[Start of section]
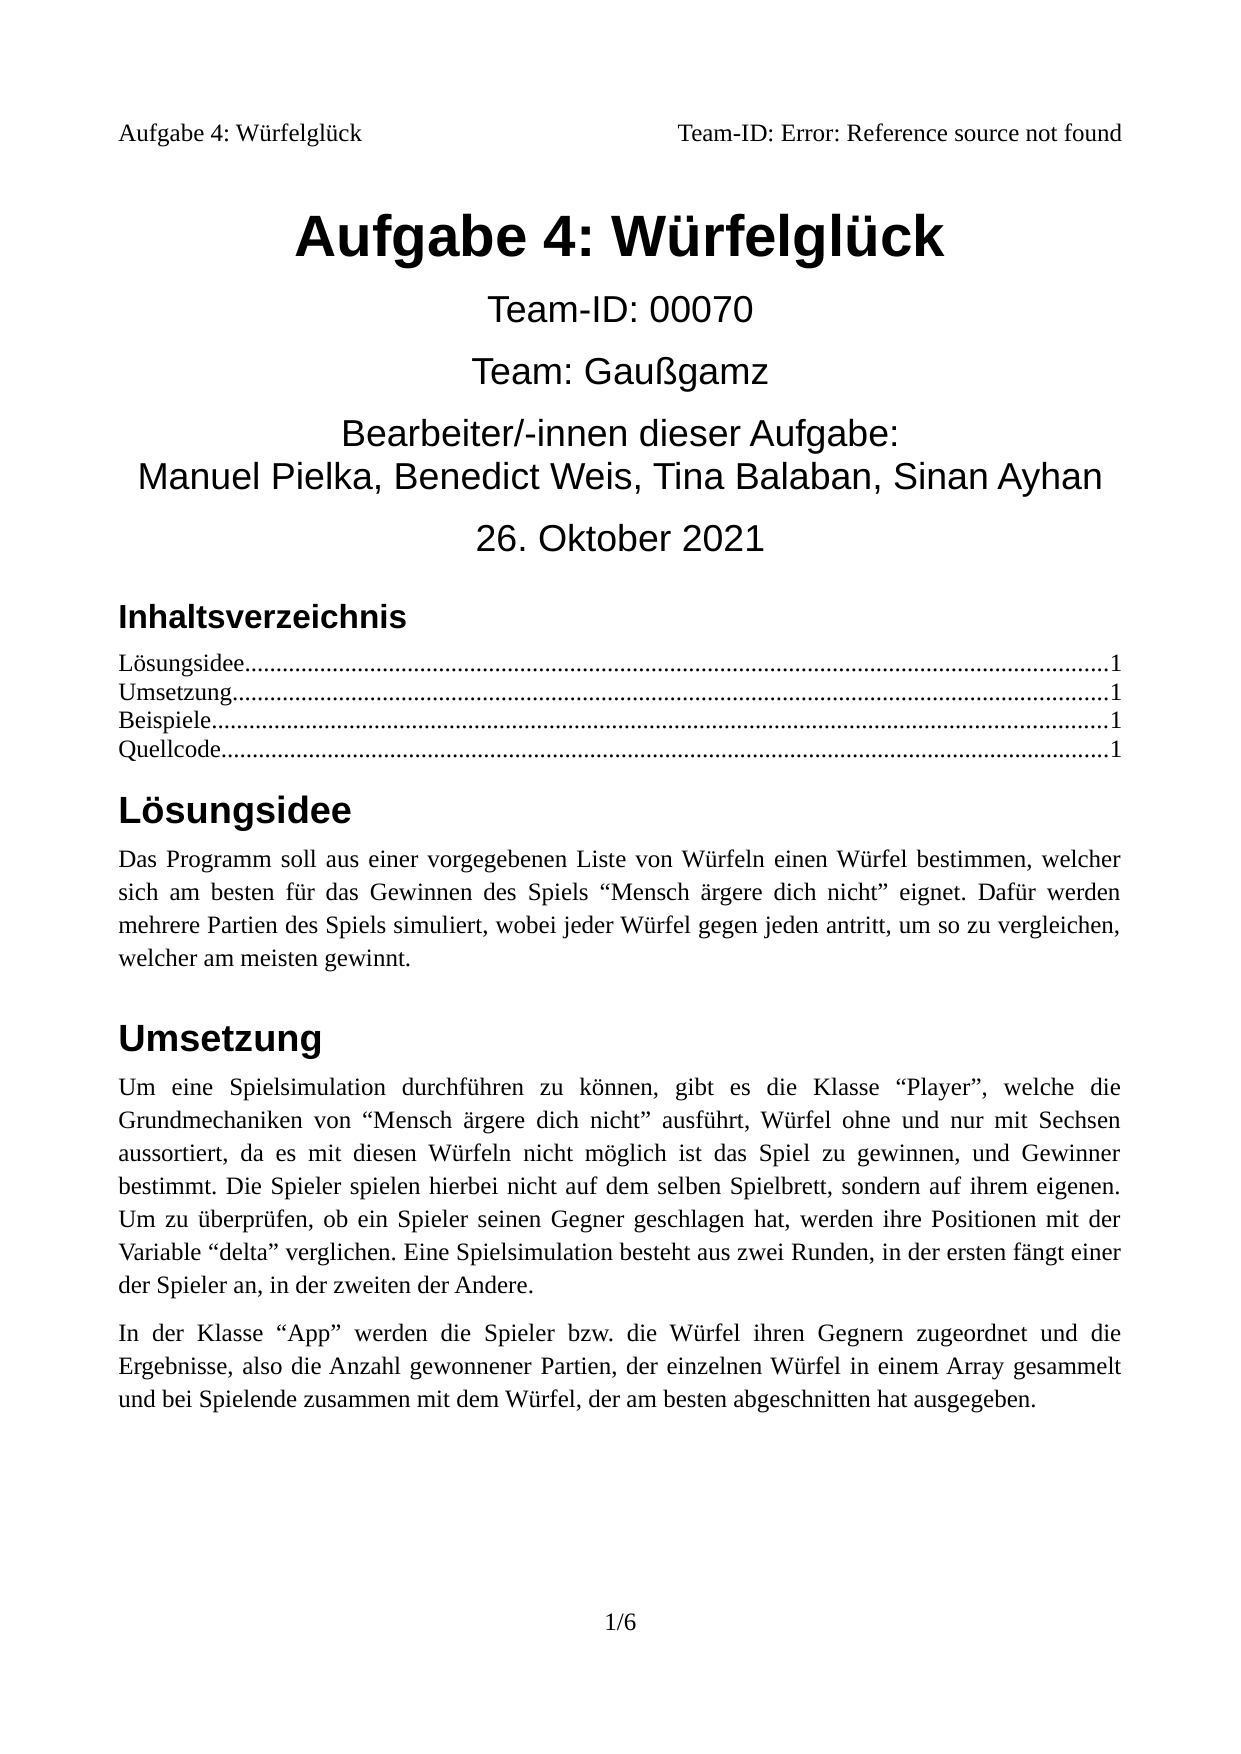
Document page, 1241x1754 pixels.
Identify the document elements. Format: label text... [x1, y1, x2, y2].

subtitle Team-ID: 00070 [118, 288, 1122, 331]
text Umsetzung 1 [118, 677, 1122, 706]
subtitle 26. Oktober 2021 [118, 516, 1122, 559]
text Um eine Spielsimulation durchführen zu können, gibt es die Klasse “Player”, welche die Grundmechaniken von “Mensch ärgere dich nicht” ausführt, Würfel ohne und nur mit Sechsen aussortiert, da es mit diesen Würfeln nicht möglich ist das Spiel zu gewinnen, und Gewinner bestimmt. Die Spieler spielen hierbei nicht auf dem selben Spielbrett, sondern auf ihrem eigenen. Um zu überprüfen, ob ein Spieler seinen Gegner geschlagen hat, werden ihre Positionen mit der Variable “delta” verglichen. Eine Spielsimulation besteht aus zwei Runden, in der ersten fängt einer der Spieler an, in der zweiten der Andere. [118, 1072, 1122, 1299]
text Das Programm soll aus einer vorgegebenen Liste von Würfeln einen Würfel bestimmen, welcher sich am besten für das Gewinnen des Spiels “Mensch ärgere dich nicht” eignet. Dafür werden mehrere Partien des Spiels simuliert, wobei jeder Würfel gegen jeden antritt, um so zu vergleichen, welcher am meisten gewinnt. [118, 844, 1122, 972]
subtitle Bearbeiter/-innen dieser Aufgabe: Manuel Pielka, Benedict Weis, Tina Balaban, Sinan Ayhan [118, 411, 1122, 498]
text Lösungsidee 1 [118, 648, 1122, 677]
subtitle Umsetzung [118, 1016, 1122, 1059]
text Beispiele 1 [118, 706, 1122, 734]
subtitle Team: Gaußgamz [118, 349, 1122, 393]
text Quellcode 1 [118, 734, 1122, 763]
subtitle Lösungsidee [118, 788, 1122, 832]
text In der Klasse “App” werden die Spieler bzw. die Würfel ihren Gegnern zugeordnet und die Ergebnisse, also die Anzahl gewonnener Partien, der einzelnen Würfel in einem Array gesammelt und bei Spielende zusammen mit dem Würfel, der am besten abgeschnitten hat ausgegeben. [118, 1318, 1122, 1412]
title Aufgabe 4: Würfelglück [118, 202, 1122, 269]
subtitle Inhaltsverzeichnis [118, 597, 1122, 636]
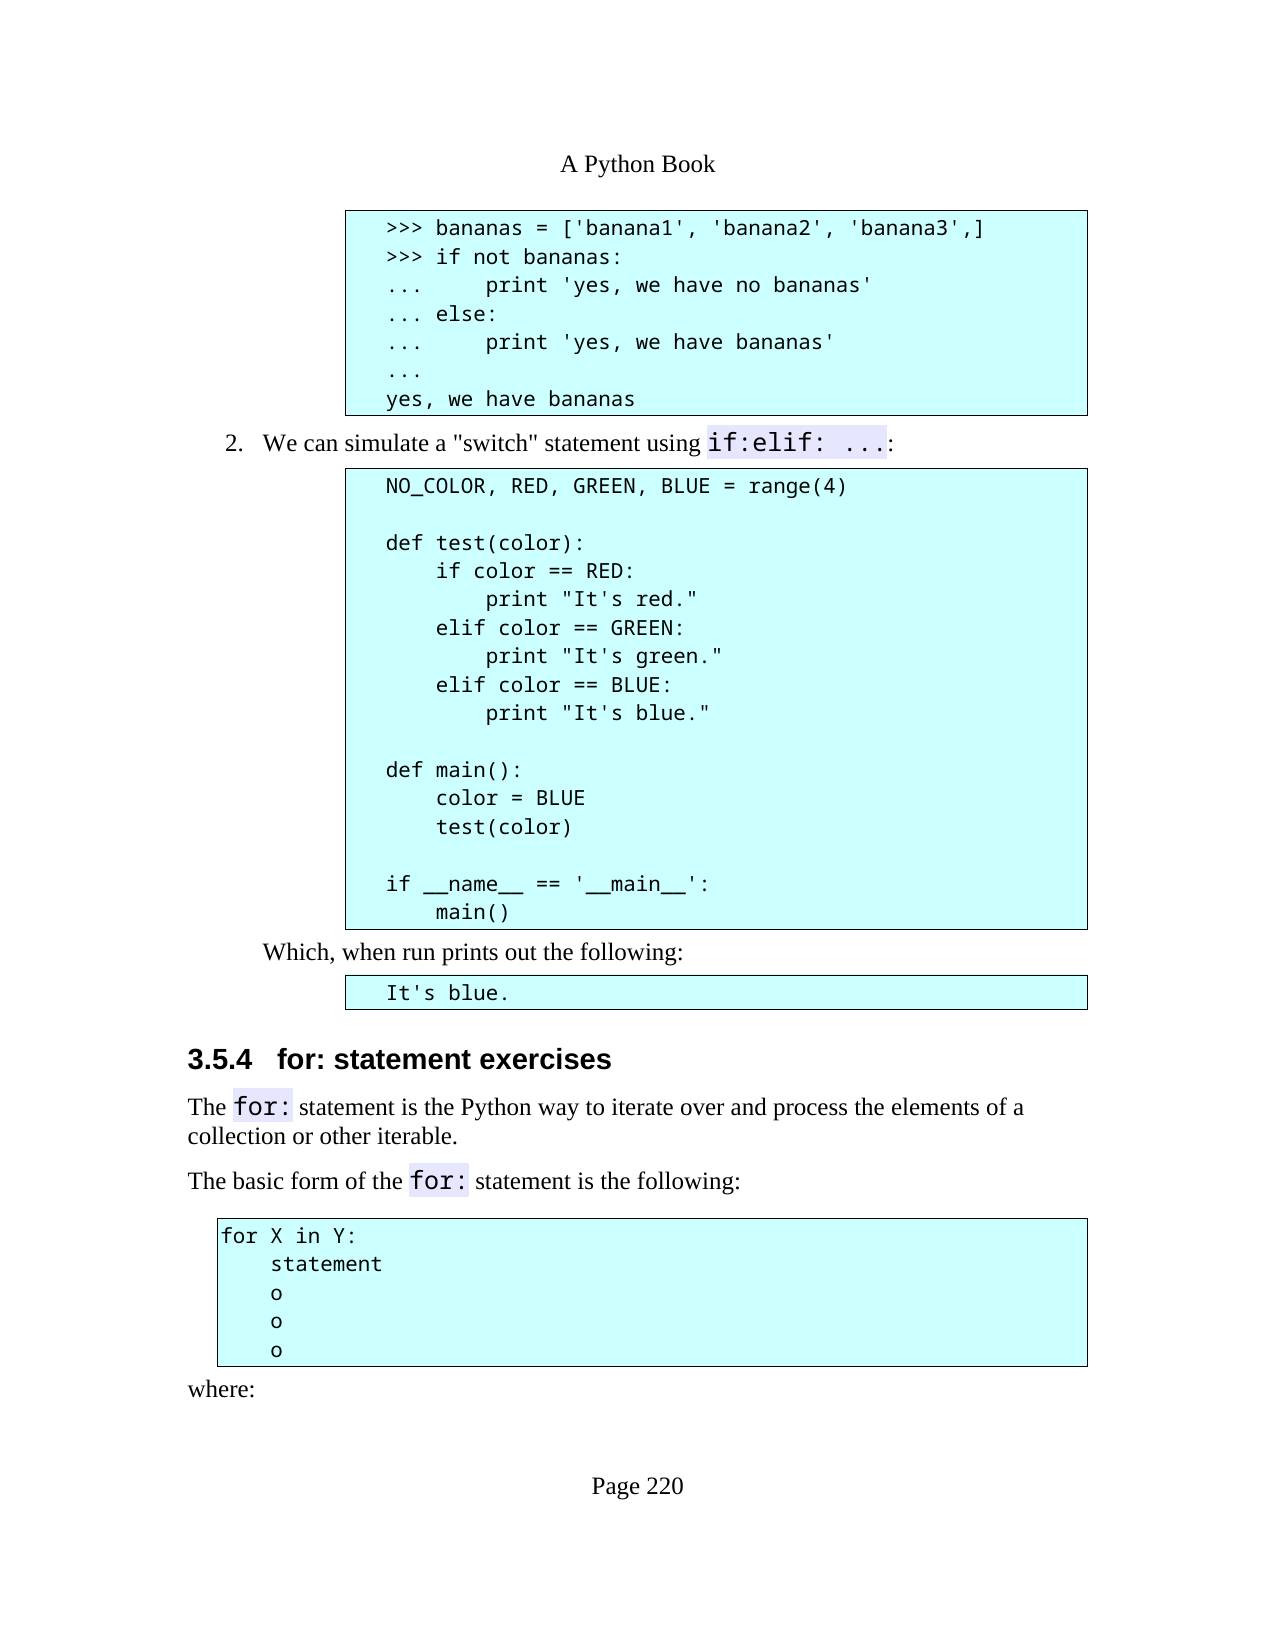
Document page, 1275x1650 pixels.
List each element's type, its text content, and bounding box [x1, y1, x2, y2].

subtitle 3.5.4 for: statement exercises [187, 1043, 1087, 1076]
text for X in Y: statement o o o [218, 1219, 1087, 1366]
list NO_COLOR, RED, GREEN, BLUE = range(4) def test(color): if color == RED: print "It's red." elif color == GREEN: print "It's green." elif color == BLUE: print "It's blue." def main(): color = BLUE test(color) if __name__ == '__main__': main() [346, 469, 1087, 929]
text The basic form of the for: statement is the following: [187, 1162, 1087, 1197]
list Which, when run prints out the following: [225, 938, 1087, 966]
text where: [187, 1375, 1087, 1403]
list >>> bananas = ['banana1', 'banana2', 'banana3',] >>> if not bananas: ... print 'yes, we have no bananas' ... else: ... print 'yes, we have bananas' ... yes, we have bananas [346, 211, 1087, 415]
list It's blue. [346, 976, 1087, 1009]
text The for: statement is the Python way to iterate over and process the elements of a collection or other iterable. [187, 1088, 1087, 1150]
list We can simulate a "switch" statement using if:elif: ...: [225, 424, 1087, 459]
[End of section]
The data above must be copied exactly. Leave out the pictures.

Solution to this problem ->
Document page, 1241x1754 pixels.
Identify the document elements. Format: label text... [x1, y1, x2, y2].

subtitle Team-ID: 00070 [118, 288, 1122, 331]
text Umsetzung 1 [118, 677, 1122, 706]
subtitle 26. Oktober 2021 [118, 516, 1122, 559]
text Um eine Spielsimulation durchführen zu können, gibt es die Klasse “Player”, welche die Grundmechaniken von “Mensch ärgere dich nicht” ausführt, Würfel ohne und nur mit Sechsen aussortiert, da es mit diesen Würfeln nicht möglich ist das Spiel zu gewinnen, und Gewinner bestimmt. Die Spieler spielen hierbei nicht auf dem selben Spielbrett, sondern auf ihrem eigenen. Um zu überprüfen, ob ein Spieler seinen Gegner geschlagen hat, werden ihre Positionen mit der Variable “delta” verglichen. Eine Spielsimulation besteht aus zwei Runden, in der ersten fängt einer der Spieler an, in der zweiten der Andere. [118, 1072, 1122, 1299]
text Das Programm soll aus einer vorgegebenen Liste von Würfeln einen Würfel bestimmen, welcher sich am besten für das Gewinnen des Spiels “Mensch ärgere dich nicht” eignet. Dafür werden mehrere Partien des Spiels simuliert, wobei jeder Würfel gegen jeden antritt, um so zu vergleichen, welcher am meisten gewinnt. [118, 844, 1122, 972]
subtitle Bearbeiter/-innen dieser Aufgabe: Manuel Pielka, Benedict Weis, Tina Balaban, Sinan Ayhan [118, 411, 1122, 498]
text Lösungsidee 1 [118, 648, 1122, 677]
subtitle Umsetzung [118, 1016, 1122, 1059]
text Beispiele 1 [118, 706, 1122, 734]
subtitle Team: Gaußgamz [118, 349, 1122, 393]
text Quellcode 1 [118, 734, 1122, 763]
subtitle Lösungsidee [118, 788, 1122, 832]
text In der Klasse “App” werden die Spieler bzw. die Würfel ihren Gegnern zugeordnet und die Ergebnisse, also die Anzahl gewonnener Partien, der einzelnen Würfel in einem Array gesammelt und bei Spielende zusammen mit dem Würfel, der am besten abgeschnitten hat ausgegeben. [118, 1318, 1122, 1412]
title Aufgabe 4: Würfelglück [118, 202, 1122, 269]
subtitle Inhaltsverzeichnis [118, 597, 1122, 636]
Document page, 1275x1650 pixels.
List each element's type, its text content, and bounding box [x1, y1, x2, y2].

subtitle 3.5.4 for: statement exercises [187, 1043, 1087, 1076]
text for X in Y: statement o o o [218, 1219, 1087, 1366]
list NO_COLOR, RED, GREEN, BLUE = range(4) def test(color): if color == RED: print "It's red." elif color == GREEN: print "It's green." elif color == BLUE: print "It's blue." def main(): color = BLUE test(color) if __name__ == '__main__': main() [346, 469, 1087, 929]
text The basic form of the for: statement is the following: [187, 1162, 1087, 1197]
list Which, when run prints out the following: [225, 938, 1087, 966]
text where: [187, 1375, 1087, 1403]
list >>> bananas = ['banana1', 'banana2', 'banana3',] >>> if not bananas: ... print 'yes, we have no bananas' ... else: ... print 'yes, we have bananas' ... yes, we have bananas [346, 211, 1087, 415]
list It's blue. [346, 976, 1087, 1009]
text The for: statement is the Python way to iterate over and process the elements of a collection or other iterable. [187, 1088, 1087, 1150]
list We can simulate a "switch" statement using if:elif: ...: [225, 424, 1087, 459]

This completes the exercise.